Currently there are over 100 active lawsuits against sponsors as claimants seek resolution for a variety of alleged failures, including transparency, conflicts of interest and mismanagement.
Given the competition, getting deals done will be harder for sponsors. Investors will be more discerning and more likely to redeem their shares for cash, rather than participate in the merger, especially for acquisitions that look overvalued. This will require sponsors to seek other forms of financing, e.g., PIPEs (private investment in public equity), to get the deal done. Sponsors will need to provide additional common stock, preferred equity or convertible notes to fund the acquisition. This adds an additional layer of complexity and uncertainty to consummate deals.
Investors continue to benefit from downside protection via the trust structure, while retaining optionality by voting on the deal and retaining warrants regardless of whether they redeem their units for cash or not. Of active SPACs currently seeking a target, the average premium to the trust floor is around 0.80%, and in more recent deals, SPACs can be picked up at a discount to the implied floor price.
2. Opportunity cost
Although SPACs provide protection through the trust, investors can incur the opportunity cost of earning minimal yields from short-term Treasury collateral in the trust for up to two years if the sponsor fails to find a suitable acquisition. Historically the average time horizon from IPO to merger has been 12 to 18 months. More recently, this has fallen to around six months. However, with the significant amount of capital currently chasing deals, the risk of sponsors taking longer to find a suitable target has increased, and with it longer durations, higher opportunity costs and lower IRRs for investors.
3. Sponsor risk
Investors need to do their homework on the sponsor to find reputable and experienced management who have a high probability of deal success. Sponsor compensation from the promote can be especially lucrative when a deal is completed. This is all well and good (and at least somewhat justifiable) if it is a successful merger and the de-SPAC’d company proves successful. However, if a sponsor is close to the end of the investment window, they risk losing not only the potential equity upside, but also their sunk costs and expenses, if they fail to secure a deal. This can lead to the sponsor executing on deals with poor prospects to avoid those losses, but to the detriment of the SPAC’s equity investors. In addition, sponsors who have multiple SPACs in the market may also execute on low-quality deals in order to move onto their next deal. In fact, a number of lawsuits have already been launched against sponsors for these reasons.

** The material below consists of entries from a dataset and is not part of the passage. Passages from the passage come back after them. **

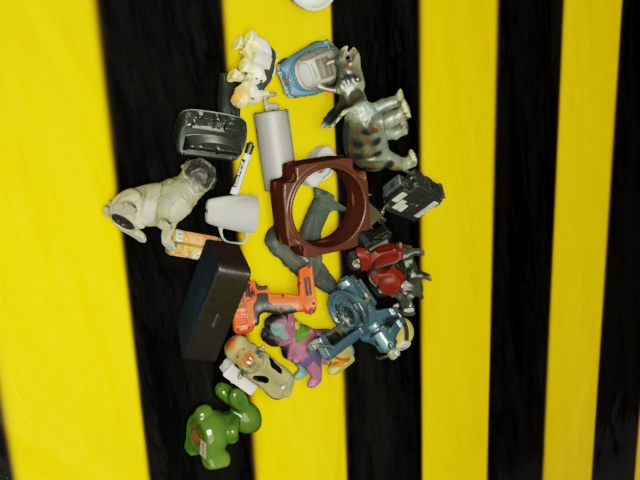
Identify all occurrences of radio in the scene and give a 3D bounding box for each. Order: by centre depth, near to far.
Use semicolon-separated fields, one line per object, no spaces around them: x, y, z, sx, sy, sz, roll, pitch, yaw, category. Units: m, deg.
-0.222;0.120;1.092;0.073;0.131;0.229;14;113;-29;radio

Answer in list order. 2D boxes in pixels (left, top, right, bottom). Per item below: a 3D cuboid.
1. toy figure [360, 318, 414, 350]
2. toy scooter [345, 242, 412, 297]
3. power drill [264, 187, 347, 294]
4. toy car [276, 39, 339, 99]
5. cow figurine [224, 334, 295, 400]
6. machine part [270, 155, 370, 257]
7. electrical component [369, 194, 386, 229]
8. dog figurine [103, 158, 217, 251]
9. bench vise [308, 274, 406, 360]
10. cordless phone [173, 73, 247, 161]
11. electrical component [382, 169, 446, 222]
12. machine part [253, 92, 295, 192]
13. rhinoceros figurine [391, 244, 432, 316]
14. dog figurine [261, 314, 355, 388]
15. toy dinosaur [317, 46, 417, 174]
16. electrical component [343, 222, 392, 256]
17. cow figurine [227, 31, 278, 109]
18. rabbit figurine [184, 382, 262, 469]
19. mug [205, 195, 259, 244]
0.160;0.226;1.363;0.180;0.082;0.089;21;89;-25;toy figure
0.159;0.062;1.269;0.135;0.075;0.183;-28;131;23;toy scooter
-0.003;-0.004;1.248;0.232;0.086;0.207;32;91;-28;power drill
-0.008;-0.371;1.161;0.162;0.103;0.109;-27;109;-22;toy car
-0.129;0.272;1.142;0.085;0.127;0.194;-50;118;-14;cow figurine
0.003;-0.073;1.143;0.201;0.087;0.201;-11;105;-24;machine part
0.118;-0.066;1.313;0.102;0.045;0.078;31;113;-25;electrical component
-0.316;-0.096;1.075;0.172;0.121;0.190;23;57;-5;dog figurine
0.075;0.202;1.210;0.240;0.129;0.223;-29;93;-38;bench vise
-0.220;-0.260;1.098;0.146;0.089;0.184;3;86;-27;cordless phone
0.221;-0.110;1.308;0.134;0.115;0.058;21;46;-35;electrical component
-0.095;-0.193;1.162;0.079;0.079;0.243;-14;106;-24;machine part
0.222;0.102;1.375;0.112;0.073;0.190;-18;106;-24;rhinoceros figurine
-0.033;0.222;1.252;0.191;0.109;0.219;-28;108;-19;dog figurine
0.111;-0.230;1.206;0.192;0.131;0.404;-12;145;8;toy dinosaur
0.117;0.014;1.305;0.119;0.048;0.074;-25;138;-12;electrical component
-0.135;-0.335;1.103;0.098;0.068;0.167;20;68;-42;cow figurine
-0.210;0.403;1.209;0.170;0.121;0.159;-7;96;-44;rabbit figurine
-0.191;-0.047;1.144;0.107;0.081;0.109;6;101;-17;mug
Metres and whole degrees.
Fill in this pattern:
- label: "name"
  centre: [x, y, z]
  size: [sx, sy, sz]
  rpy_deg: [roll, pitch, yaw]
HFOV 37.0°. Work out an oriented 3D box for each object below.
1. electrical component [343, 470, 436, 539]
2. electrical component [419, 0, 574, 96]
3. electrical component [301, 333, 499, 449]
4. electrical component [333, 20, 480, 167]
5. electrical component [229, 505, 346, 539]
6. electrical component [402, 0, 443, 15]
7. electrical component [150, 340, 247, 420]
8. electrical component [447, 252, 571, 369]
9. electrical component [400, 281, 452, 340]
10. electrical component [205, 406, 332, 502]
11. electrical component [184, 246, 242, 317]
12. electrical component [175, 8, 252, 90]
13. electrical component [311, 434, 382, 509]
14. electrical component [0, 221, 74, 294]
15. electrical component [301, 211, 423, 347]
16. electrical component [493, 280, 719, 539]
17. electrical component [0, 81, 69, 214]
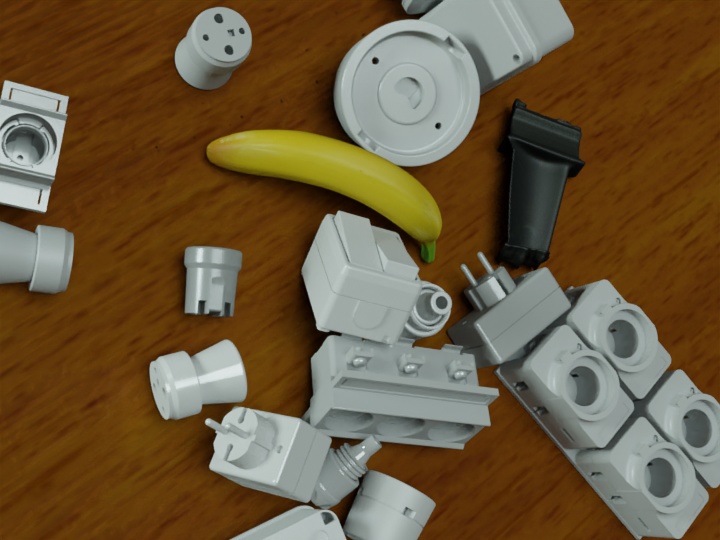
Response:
- label: "electrical component"
  centre: [0.019, 0.177, 0.769]
  size: [0.055, 0.055, 0.047]
  rpy_deg: [32, 72, -15]
- label: "electrical component"
  centre: [0.100, -0.185, 0.842]
  size: [0.057, 0.113, 0.078]
  rpy_deg: [-33, 96, -29]
- label: "electrical component"
  centre: [0.027, 0.088, 0.783]
  size: [0.121, 0.078, 0.063]
  rpy_deg: [9, 54, -22]
- label: "electrical component"
  centre: [0.031, -0.135, 0.827]
  size: [0.108, 0.060, 0.108]
  rpy_deg: [-2, 100, -14]
- label: "electrical component"
  centre: [-0.062, 0.215, 0.723]
  size: [0.113, 0.057, 0.078]
  rpy_deg: [-21, 89, -26]
- label: "electrical component"
  centre: [0.061, -0.244, 0.857]
  size: [0.080, 0.080, 0.051]
  rpy_deg: [-30, 87, -26]
- label: "electrical component"
  centre: [-0.111, 0.075, 0.737]
  size: [0.055, 0.045, 0.045]
  rpy_deg: [-13, 85, -25]
- label: "electrical component"
  centre: [0.107, 0.022, 0.841]
  size: [0.083, 0.047, 0.075]
  rpy_deg: [-35, 95, -25]
- label: "electrical component"
  centre: [0.047, 0.029, 0.805]
  size: [0.043, 0.062, 0.043]
  rpy_deg: [5, 78, -23]
- label: "electrical component"
  centre: [-0.071, 0.116, 0.719]
  size: [0.077, 0.066, 0.047]
  rpy_deg: [40, 63, -44]
- label: "electrical component"
  centre: [-0.105, 0.009, 0.757]
  size: [0.040, 0.040, 0.046]
  rpy_deg: [6, 83, -22]
- label: "electrical component"
  centre: [-0.106, -0.160, 0.780]
  size: [0.045, 0.055, 0.045]
  rpy_deg: [5, 78, -23]
- label: "electrical component"
  centre: [-0.012, 0.139, 0.762]
  size: [0.061, 0.035, 0.035]
  rpy_deg: [-39, 97, 5]
- label: "electrical component"
  centre: [-0.220, -0.009, 0.706]
  size: [0.055, 0.045, 0.045]
  rpy_deg: [8, 76, -22]
- label: "electrical component"
  centre: [0.000, 0.000, 0.776]
  size: [0.062, 0.096, 0.061]
  rpy_deg: [15, 116, -20]
- label: "electrical component"
  centre: [0.212, 0.112, 0.862]
  size: [0.105, 0.060, 0.186]
  rpy_deg: [-44, 98, -24]
- label: "electrical component"
  centre: [-0.222, -0.077, 0.708]
  size: [0.042, 0.064, 0.081]
  rpy_deg: [13, 74, -20]
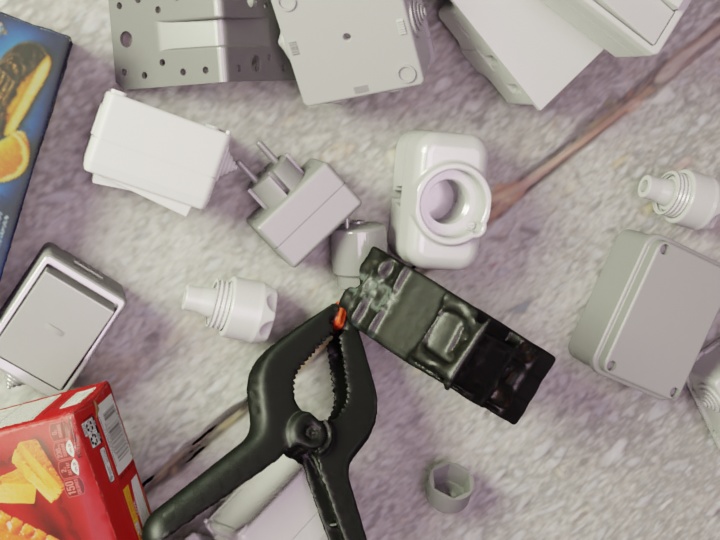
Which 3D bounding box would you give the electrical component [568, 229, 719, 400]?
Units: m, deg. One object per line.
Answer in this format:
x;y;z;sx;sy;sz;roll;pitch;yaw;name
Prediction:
0.221;0.034;0.820;0.078;0.057;0.113;23;93;-18;electrical component

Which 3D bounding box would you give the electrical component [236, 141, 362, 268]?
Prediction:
-0.051;-0.053;0.735;0.066;0.047;0.076;-44;108;-4;electrical component

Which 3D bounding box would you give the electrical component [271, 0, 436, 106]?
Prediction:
-0.005;-0.160;0.700;0.100;0.048;0.099;-8;121;16;electrical component

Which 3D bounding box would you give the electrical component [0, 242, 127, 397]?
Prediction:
-0.204;0.039;0.702;0.062;0.061;0.096;34;89;-18;electrical component

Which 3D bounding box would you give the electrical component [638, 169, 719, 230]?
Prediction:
0.243;-0.056;0.818;0.062;0.043;0.043;14;96;-16;electrical component

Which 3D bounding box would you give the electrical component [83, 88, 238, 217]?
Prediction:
-0.129;-0.074;0.702;0.096;0.062;0.061;18;94;-18;electrical component

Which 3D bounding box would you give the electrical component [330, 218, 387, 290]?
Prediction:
0.000;0.000;0.762;0.040;0.040;0.078;-6;102;-14;electrical component

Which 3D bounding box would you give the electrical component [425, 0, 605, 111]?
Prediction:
0.093;-0.215;0.740;0.105;0.060;0.186;-44;108;-4;electrical component

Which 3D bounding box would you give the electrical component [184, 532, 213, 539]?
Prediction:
-0.116;0.241;0.749;0.076;0.047;0.083;-39;71;-6;electrical component

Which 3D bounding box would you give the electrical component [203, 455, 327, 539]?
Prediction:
-0.058;0.178;0.753;0.096;0.062;0.061;-44;109;-25;electrical component

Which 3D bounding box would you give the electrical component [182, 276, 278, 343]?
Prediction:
-0.091;0.025;0.740;0.062;0.043;0.043;13;96;-16;electrical component

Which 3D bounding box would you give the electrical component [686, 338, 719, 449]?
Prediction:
0.320;0.095;0.863;0.100;0.048;0.099;-33;107;-8;electrical component

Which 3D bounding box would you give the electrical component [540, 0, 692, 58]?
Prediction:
0.164;-0.189;0.698;0.096;0.061;0.061;32;90;-18;electrical component

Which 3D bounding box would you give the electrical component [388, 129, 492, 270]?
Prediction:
0.056;-0.049;0.759;0.054;0.059;0.095;3;99;-16;electrical component
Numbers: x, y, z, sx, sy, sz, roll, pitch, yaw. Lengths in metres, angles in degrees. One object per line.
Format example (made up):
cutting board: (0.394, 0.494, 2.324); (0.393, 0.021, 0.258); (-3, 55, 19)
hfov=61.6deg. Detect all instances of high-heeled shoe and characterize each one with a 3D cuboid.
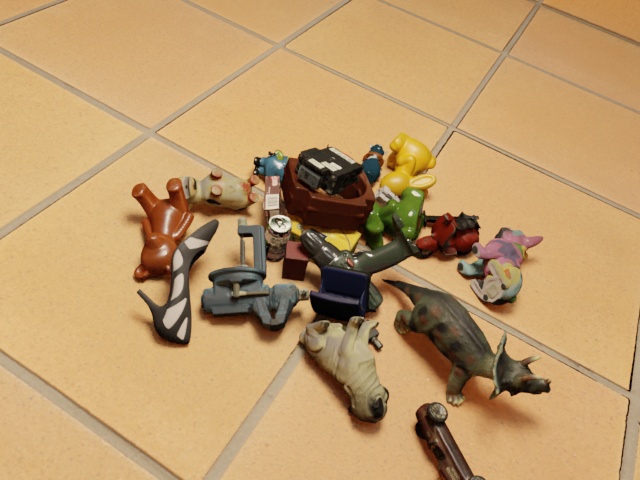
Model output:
high-heeled shoe: (-0.247, 0.082, 1.073); (0.145, 0.086, 0.249); (44, 68, -7)

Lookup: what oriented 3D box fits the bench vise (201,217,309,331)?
bench vise: (-0.134, 0.065, 1.111); (0.224, 0.128, 0.240); (-7, 70, 6)

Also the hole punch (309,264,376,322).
hole punch: (0.041, 0.126, 1.104); (0.142, 0.115, 0.092); (8, 38, 14)

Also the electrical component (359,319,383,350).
electrical component: (0.088, 0.198, 1.131); (0.063, 0.021, 0.094); (-20, 57, -28)

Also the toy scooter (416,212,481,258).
toy scooter: (0.324, -0.017, 1.309); (0.184, 0.135, 0.075); (-8, 50, -22)

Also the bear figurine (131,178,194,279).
bear figurine: (-0.345, -0.021, 1.149); (0.120, 0.131, 0.196); (-6, 44, 9)

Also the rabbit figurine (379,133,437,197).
rabbit figurine: (0.233, -0.178, 1.466); (0.162, 0.121, 0.173); (35, 63, 5)

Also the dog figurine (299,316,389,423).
dog figurine: (0.041, 0.253, 1.035); (0.121, 0.172, 0.190); (17, 65, -48)

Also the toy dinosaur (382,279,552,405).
toy dinosaur: (0.264, 0.181, 1.078); (0.131, 0.192, 0.405); (-25, 60, -34)

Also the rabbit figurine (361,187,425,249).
rabbit figurine: (0.162, -0.047, 1.332); (0.170, 0.121, 0.159); (10, 51, 20)

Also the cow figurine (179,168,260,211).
cow figurine: (-0.254, -0.114, 1.269); (0.195, 0.127, 0.085); (5, 69, -31)

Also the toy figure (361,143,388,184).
toy figure: (0.144, -0.213, 1.490); (0.064, 0.058, 0.154); (48, 38, -22)

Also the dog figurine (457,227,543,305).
dog figurine: (0.462, 0.054, 1.302); (0.219, 0.108, 0.192); (-12, 52, -27)

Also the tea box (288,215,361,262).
tea box: (-0.003, -0.004, 1.259); (0.170, 0.068, 0.098); (27, 47, 9)

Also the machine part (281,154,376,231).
machine part: (0.016, -0.113, 1.269); (0.201, 0.087, 0.202); (7, 35, -18)

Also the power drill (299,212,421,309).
power drill: (0.097, 0.026, 1.150); (0.207, 0.086, 0.232); (-34, 98, 0)

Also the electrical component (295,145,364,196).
electrical component: (0.014, -0.157, 1.203); (0.115, 0.058, 0.134); (36, 38, 26)

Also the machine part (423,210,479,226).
machine part: (0.333, -0.051, 1.391); (0.139, 0.084, 0.039); (5, 80, 1)

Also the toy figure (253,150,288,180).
toy figure: (-0.081, -0.182, 1.392); (0.180, 0.082, 0.089); (10, 49, -2)

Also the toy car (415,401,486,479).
toy car: (0.228, 0.386, 0.953); (0.053, 0.089, 0.202); (-9, 53, -23)
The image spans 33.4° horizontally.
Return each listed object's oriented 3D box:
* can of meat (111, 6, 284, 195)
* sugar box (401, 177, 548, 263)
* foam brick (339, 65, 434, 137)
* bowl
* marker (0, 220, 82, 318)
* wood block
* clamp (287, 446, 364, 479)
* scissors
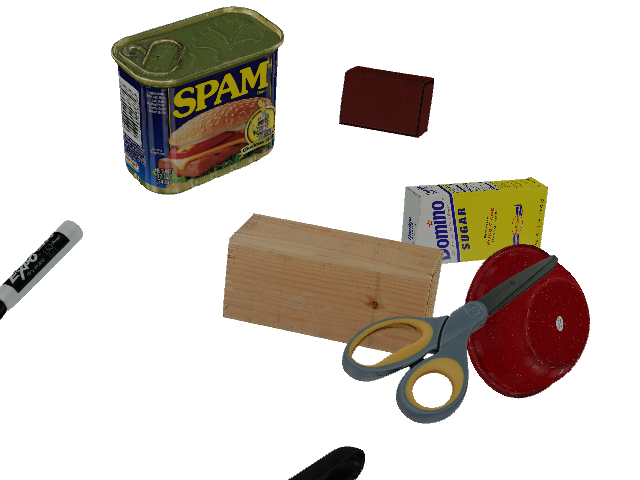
[{"bbox_3d":[-0.074,-0.085,0.656,0.101,0.084,0.057,-25,48,-31],"label":"can of meat"},{"bbox_3d":[0.188,-0.023,1.305,0.176,0.093,0.048,-7,23,-21],"label":"sugar box"},{"bbox_3d":[0.062,-0.131,1.001,0.078,0.051,0.053,12,17,14],"label":"foam brick"},{"bbox_3d":[0.225,0.084,1.095,0.161,0.162,0.055,0,-1,-34],"label":"bowl"},{"bbox_3d":[-0.224,0.028,0.813,0.020,0.020,0.121,0,38,35],"label":"marker"},{"bbox_3d":[0.013,0.045,1.097,0.206,0.091,0.090,11,22,11],"label":"wood block"},{"bbox_3d":[-0.055,0.187,0.637,0.210,0.036,0.164,-4,29,1],"label":"clamp"},{"bbox_3d":[0.113,0.070,0.762,0.201,0.096,0.016,-16,-39,-21],"label":"scissors"}]

There is a large amount of SPAC capital currently looking for deals:
- The SPAC market will continue to provide an attractive avenue to bring private companies public, although getting deals done may be harder for sponsors.
- Pricing is now more attractive for new investors with premiums trading very close to trust value.
- Expect more SPAC liquidations from lower quality sponsors who fail to get a deal done and more investors opting out of transactions.
- Greater scrutiny from regulators and ongoing litigation from investors should keep sponsors focused and constrain egregious terms and speculation.
- Institutional investors will have advantages, such as the ability to provide PIPE financing, which affords greater transparency into the deal, along with access to sponsors and target management teams.
Like any investment, there are many risks, however, opportunities remain for savvy investors who undertake the proper due diligence and align themselves with strong sponsorship teams.